According to embodiments of methods described herein, the passivation layer is formed after formation of the p-doped Group III nitride region(s) and prior to the activation of the p-doped Group III nitride region. This order allows for more independence in optimizing the activation process.

In an embodiment, the gate structure including a p-doped Group III nitride region is fabricated by etching to form a recess in the AlGaN barrier layer and selective regrowth to form p-doped Group III nitride material in the recess. Alternatively, the gate structure including a p-doped Group III nitride region is fabricated by depositing p-doped Group III nitride region on the planar surface of the AlGaN barrier layer. In a further alternative embodiment, a p-doped Group III nitride region may be formed by implantation of p-type dopants into the Group III nitride substrate.
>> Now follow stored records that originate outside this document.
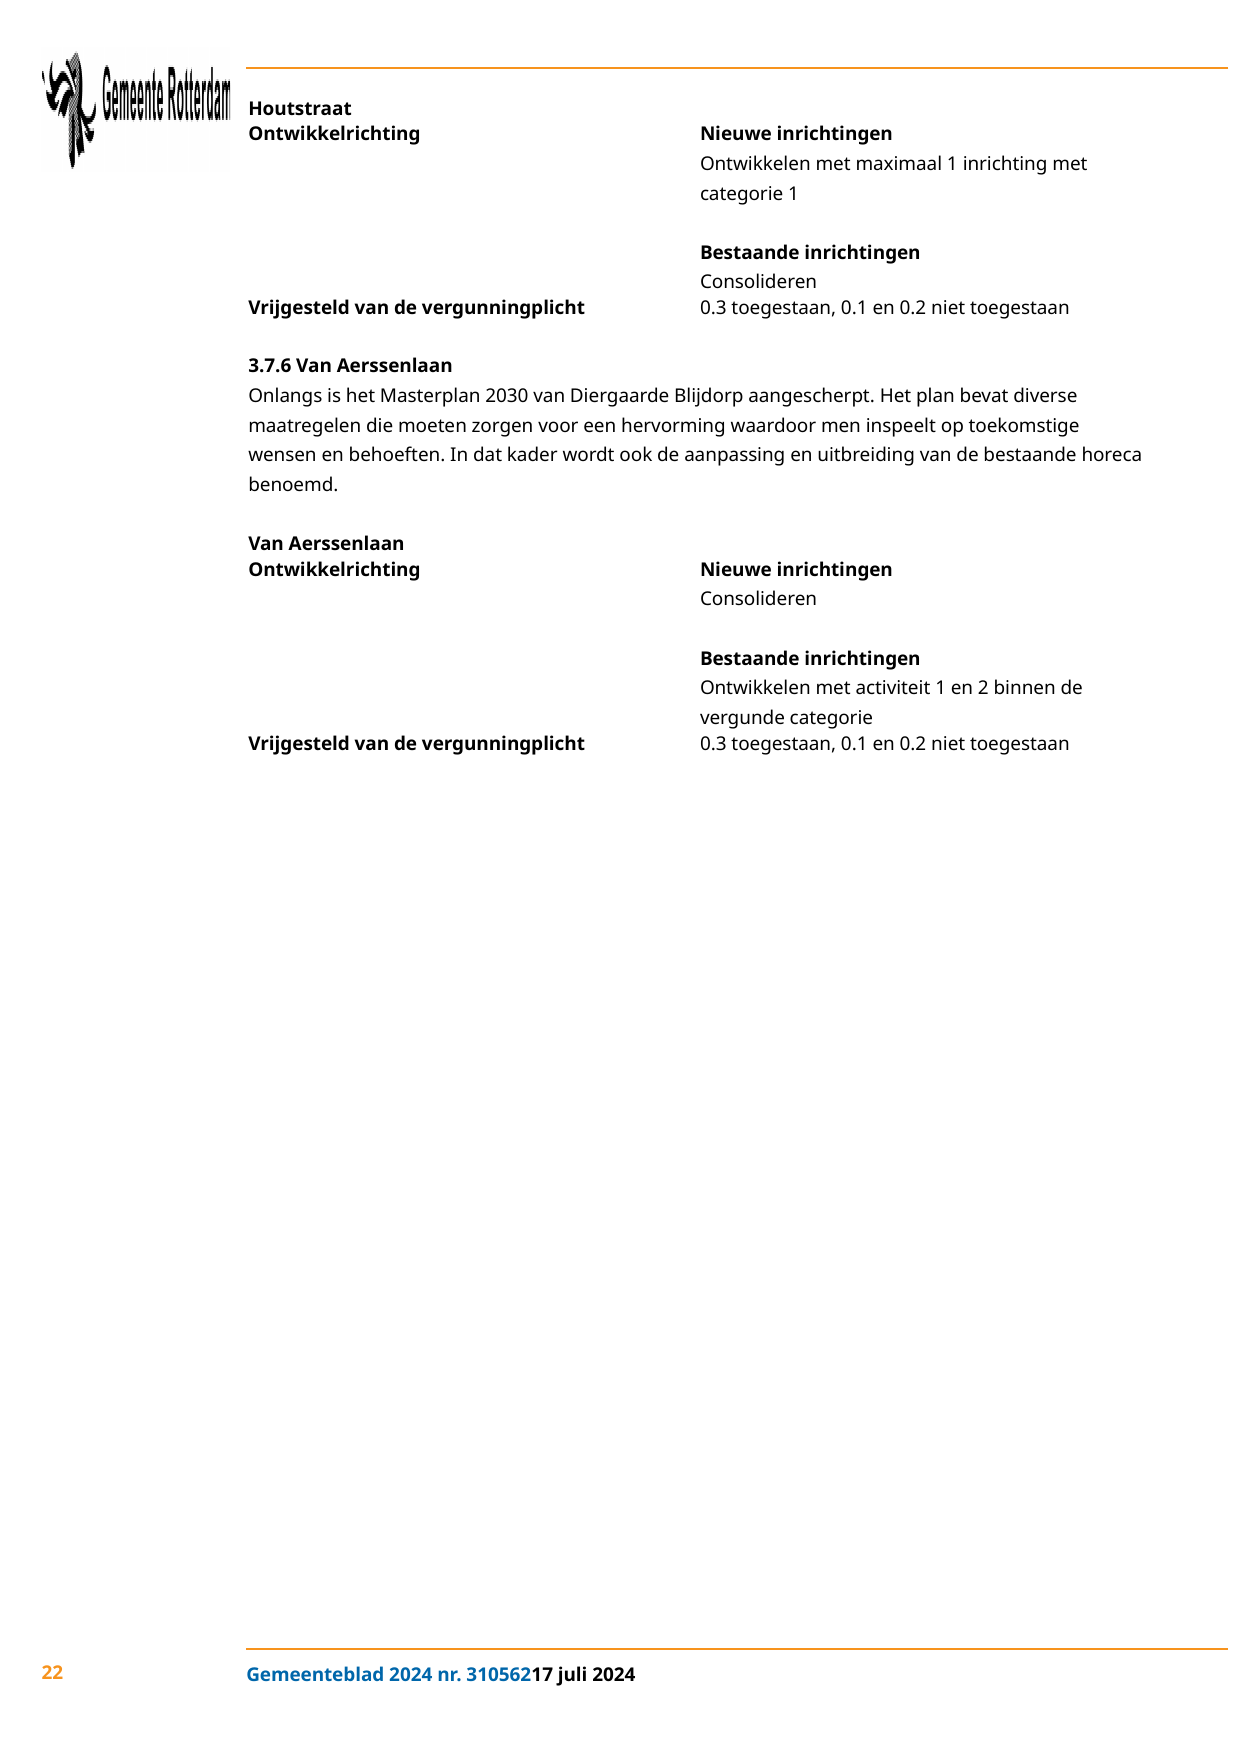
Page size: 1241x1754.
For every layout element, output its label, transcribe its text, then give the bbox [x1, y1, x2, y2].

table_header Van Aerssenlaan [248, 530, 1152, 556]
text Onlangs is het Masterplan 2030 van Diergaarde Blijdorp aangescherpt. Het plan bevat diverse maatregelen die moeten zorgen voor een hervorming waardoor men inspeelt op toekomstige wensen en behoeften. In dat kader wordt ook de aanpassing en uitbreiding van de bestaande horeca benoemd. [248, 382, 1152, 497]
table_cell Vrijgesteld van de vergunningplicht [248, 730, 700, 755]
table_cell Ontwikkelrichting [248, 121, 700, 294]
text 3.7.6 Van Aerssenlaan [248, 353, 1152, 378]
table_cell 0.3 toegestaan, 0.1 en 0.2 niet toegestaan [700, 294, 1152, 320]
table_cell Nieuwe inrichtingen Consolideren Bestaande inrichtingen Ontwikkelen met activiteit 1 en 2 binnen de vergunde categorie [700, 556, 1152, 730]
table_cell Nieuwe inrichtingen Ontwikkelen met maximaal 1 inrichting met categorie 1 Bestaande inrichtingen Consolideren [700, 121, 1152, 294]
picture [41, 47, 231, 172]
table_cell Ontwikkelrichting [248, 556, 700, 730]
table_header Houtstraat [248, 95, 1152, 121]
table_cell 0.3 toegestaan, 0.1 en 0.2 niet toegestaan [700, 730, 1152, 755]
table_cell Vrijgesteld van de vergunningplicht [248, 294, 700, 320]

Subsequently, the surface of the substrate, e.g. the AlGaN barrier layer, is passivated by forming a first dielectric layer on the surface of the substrate. This first level passivation layer may act as a hydrogen barrier preventing diffusion of hydrogen during further processing of the substrate. The regions of the substrate that require activation, e.g. the deposited p-doped Group III nitride region of the gate, or implanted p-doped regions for forming electrical contacts e.g. the source and drain, are opened, i.e. at least partly exposed from the first dielectric layer. In some embodiments, the peripheral region of the p-doped Group III nitride region remains covered by the first passivation layer. This opening can be performed by wet and/or dry etching. Not every region p-doped Group III nitride region needs to be opened. For example, a pGaN region could be used also as H-passivated layer behaving rather like undoped GaN. The exposed surface is exposed to a typical high temperature activation process, e.g. thermal annealing. Then, the metallic source/drain and gate contacts are formed.

The passivation method requires only exposure of the surface region used for contacting and thus prevents damage creation during activation in any region outside the exposed region(s). Transistor devices fabricated using this method have reduced gate leakage currents, e.g. by a factor of 10 or more. This suggests a strong improvement in the side wall quality resulting from the passivation of the gate structure prior to activation and the second passivation process.

Subsequent to the activation, in some embodiments, the surface is again passivated with a second dielectric layer by depositing a second dielectric layer on the first dielectric layer which is also located in the openings in the first dielectric layer. The second dielectric layer may form part of a metallization structure. The opening formed through the second and first passivation layer exposes at least a part of the p-doped Group III nitride region. Such an additional dielectric deposition should not reintroduce hydrogen into the activated p-doped Group III nitride regions. The second dielectric layer is however not relevant for defining the main region of the surface passivation. The structuring of the first dielectric layer and second dielectric layer (if used) may or may not include wet etching in addition to dry etching, e.g. plasma etching. Each of the first and second dielectric layers may be formed of a single layer or may comprise two or more sublayers. Then, the metallic source/drain and gate contacts are formed.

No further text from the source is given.